Creative Green Housing: Shipping Container Homes
National Geographic presents “Amsterdam’s Lean, Green Shipping Container Homes” featuring a unique and unexpected functional building material: discarded shipping containers.
Steel shipping containers that have run their course at moving sea cargo are now finding a second life as creative green housing units, thanks to “cargotecture“. According to NG, there are approximately 2 million steel shipping containers that are unused at ports at any given time. An estimated 18 million steel shipping containers are actively used at transporting cargo worldwide, all of which are destined for retirement after serving their purpose at sea. But the internationally standardized 40 feet long by 8 feet wide by 8 feet high are highly durable and designed to support up to 30 tons of cargo. Cargotecture takes advantage of these characteristics by reusing steel containers as convenient and affordable refurbished ready-to-use building units.

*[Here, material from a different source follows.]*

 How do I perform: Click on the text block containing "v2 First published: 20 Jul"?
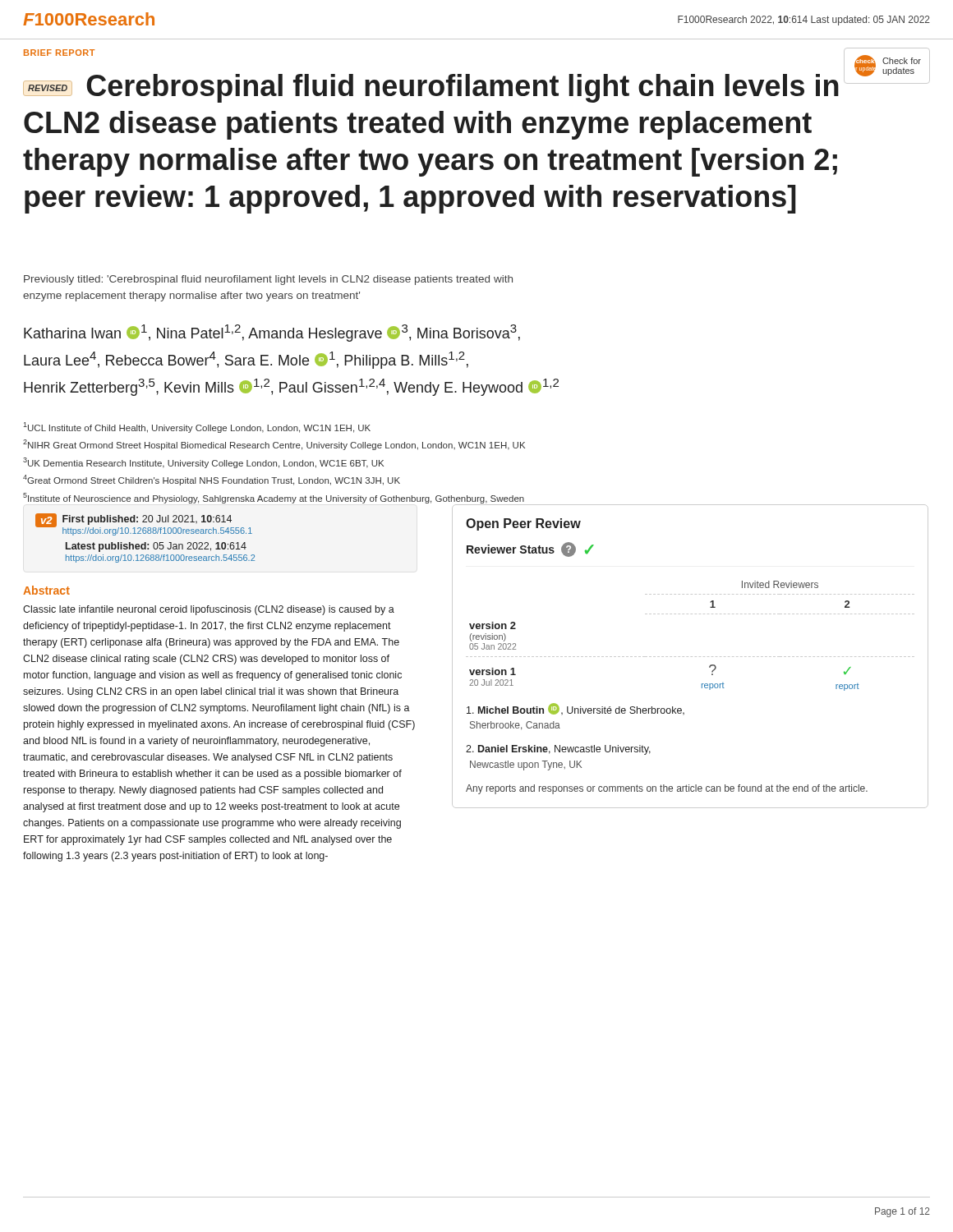[x=220, y=538]

Amsterdam is one of the cities that have embraced the concept of cargotecture to meet the need for affordable housing, especially for its student population. Several students featured in the NG photo journal are shown living in apartment complexes and student dormitories made from steel shipping containers. The shipping containers are fitted with electricity, plumbing, insulation, flooring, and other utilities after being cleaned.

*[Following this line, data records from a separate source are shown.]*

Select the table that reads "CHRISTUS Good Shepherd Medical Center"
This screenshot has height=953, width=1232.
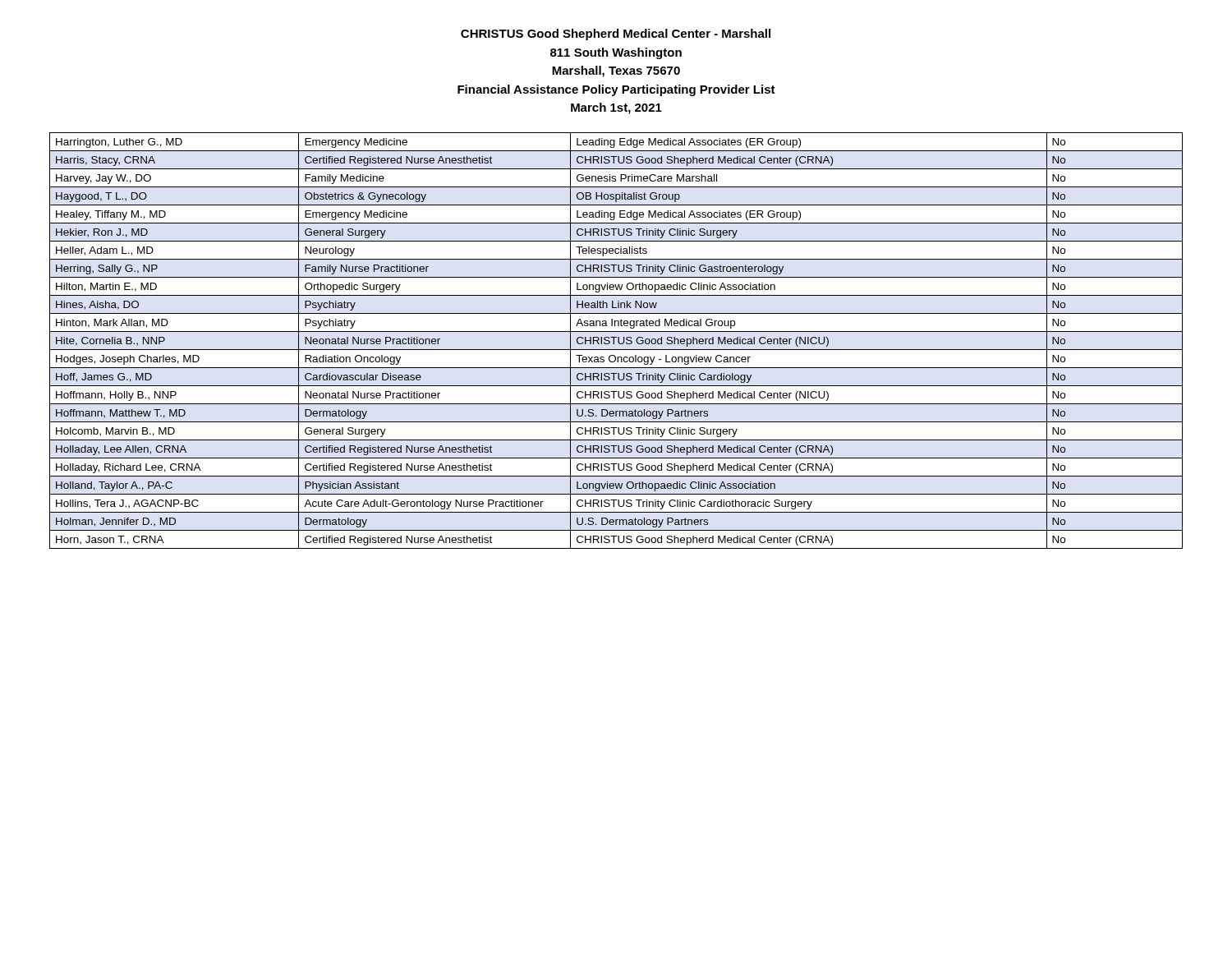pos(616,340)
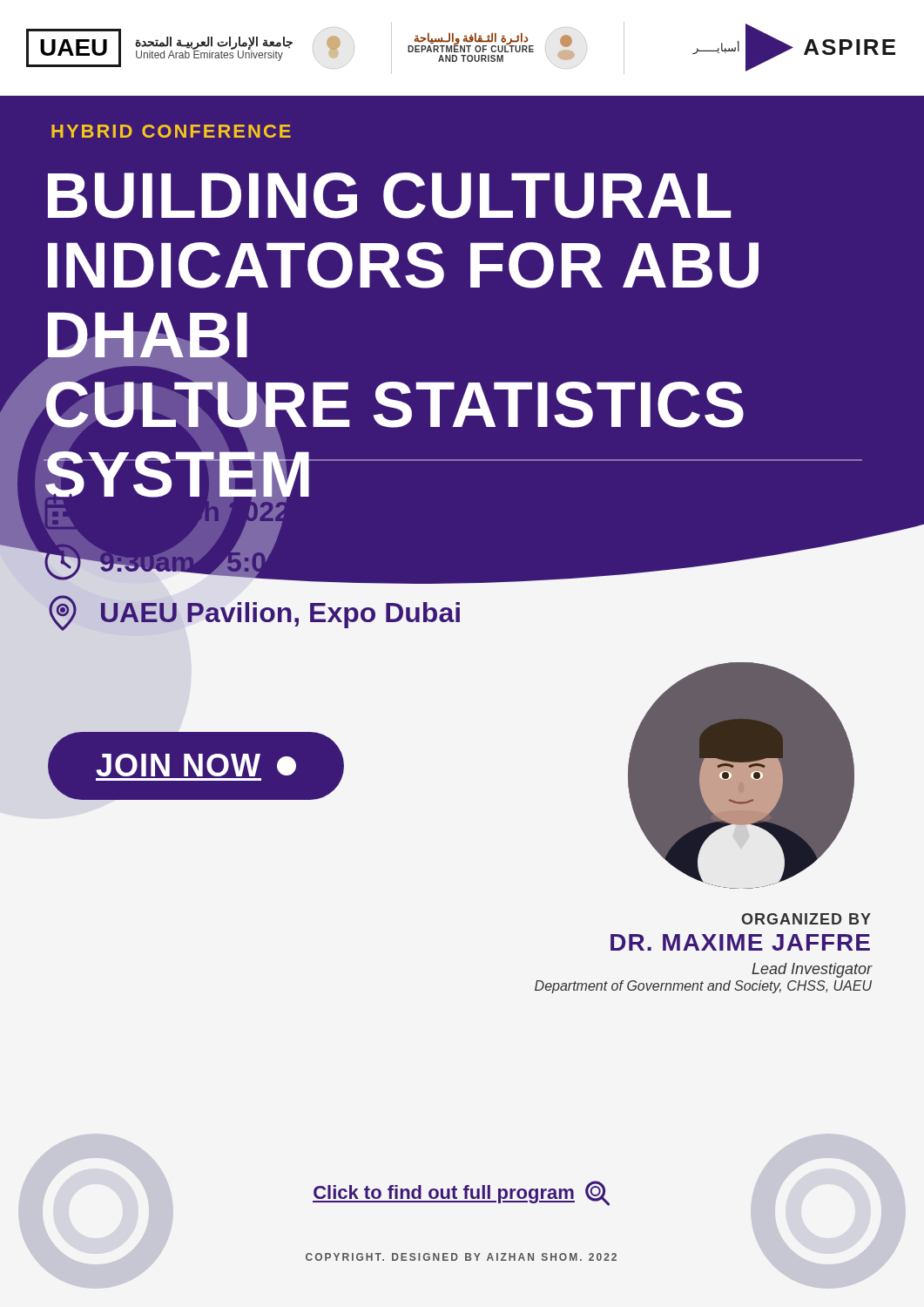Click on the section header that reads "HYBRID CONFERENCE"
This screenshot has width=924, height=1307.
[x=172, y=131]

The shipping container homes need only a part of the energy, material, and funding that a new housing construction would entail. NG cites statistics from SG Blocks stating that refurbishing a shipping container for housing would take 1/20th of the energy needed to reprocess the same amount of steel. Fitting a shipping container as a housing unit also lengthens its functionality lifetime for another hundred years.
A steel shipping container reportedly costs only a few thousand dollars before fitting, making it a low-cost alternative to typically expensive housing units. Moreover, steel shipping containers can be reused not only as creative green housing but even as cafes, shops, and office buildings. Because of the ISO shipping containers’ uniformity in size and shape, they can be stacked as high-rise urban buildings without the need for additional support or external reinforcement. Not only can they be assembled in specific building configurations, their portability also makes them a potentially valuable option for disaster response programs as temporary housing for evacuees and disaster victims.

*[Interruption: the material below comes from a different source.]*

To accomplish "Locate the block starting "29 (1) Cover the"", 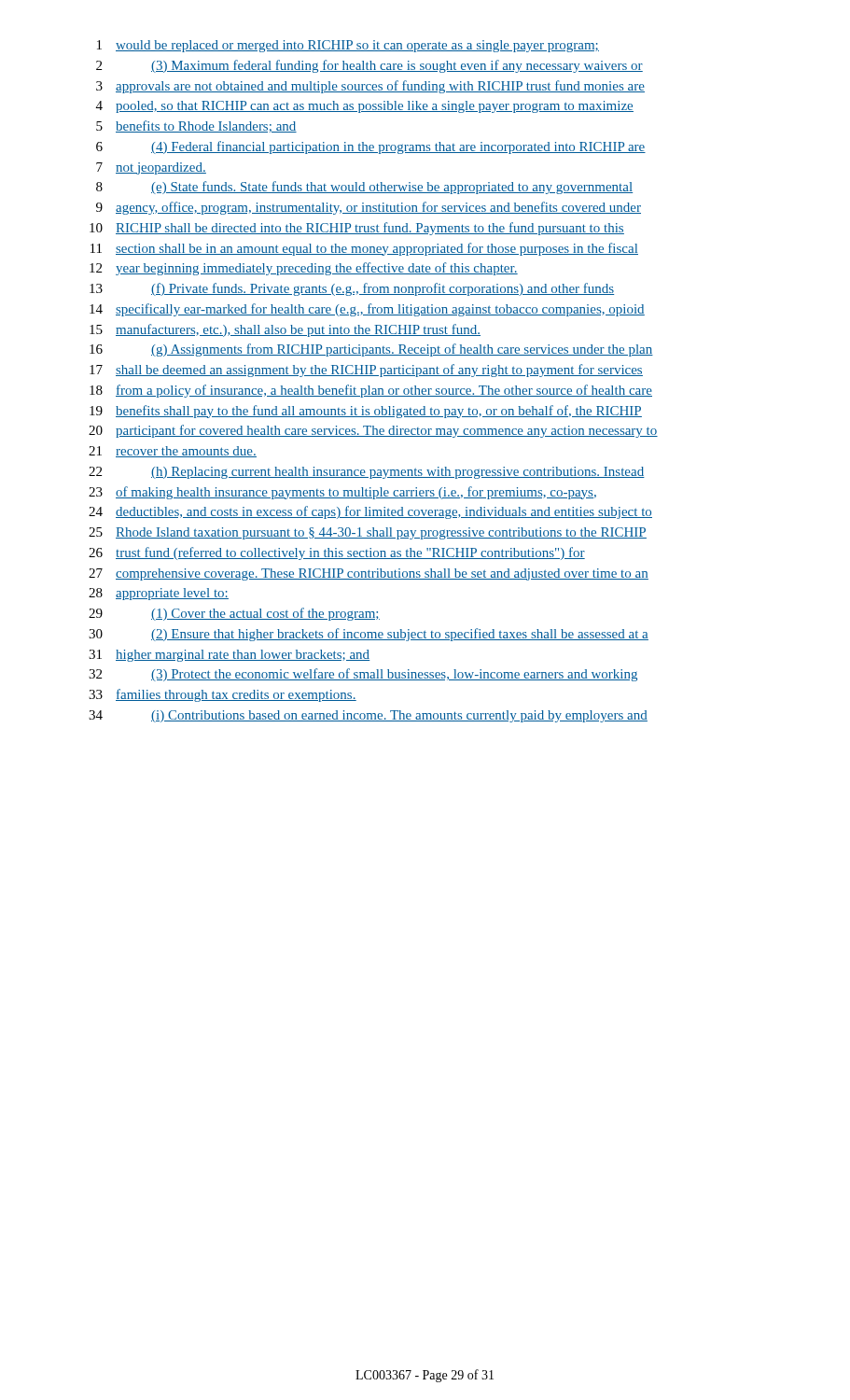I will (234, 614).

Steel shipping container homes can also be viable alternative housing units for disadvantaged people living in slums. NG quotes a grievous figure of 800 million people surviving in slums where there is often a lack of sanitary facilities, electricity, and clean water. Compared to typical construction costs, steel shipping containers can be refurbished with facilities on an economically-friendly budget. Amazingly, NG shares that half of Earth’s human population live in cities today. Projections put this figure at 60% by 2030. Yet the total land space of all our planet’s cities combined is only 2% of Earth’s land. NG gives an estimate of 95% of projected urban expansion taking place in developing nations’ cities, highlighting the challenges of increasingly crowded urban areas.
Creative green housing ideas like steel shipping container homes can be a substantial help to growing cities and their increasing populations around the world.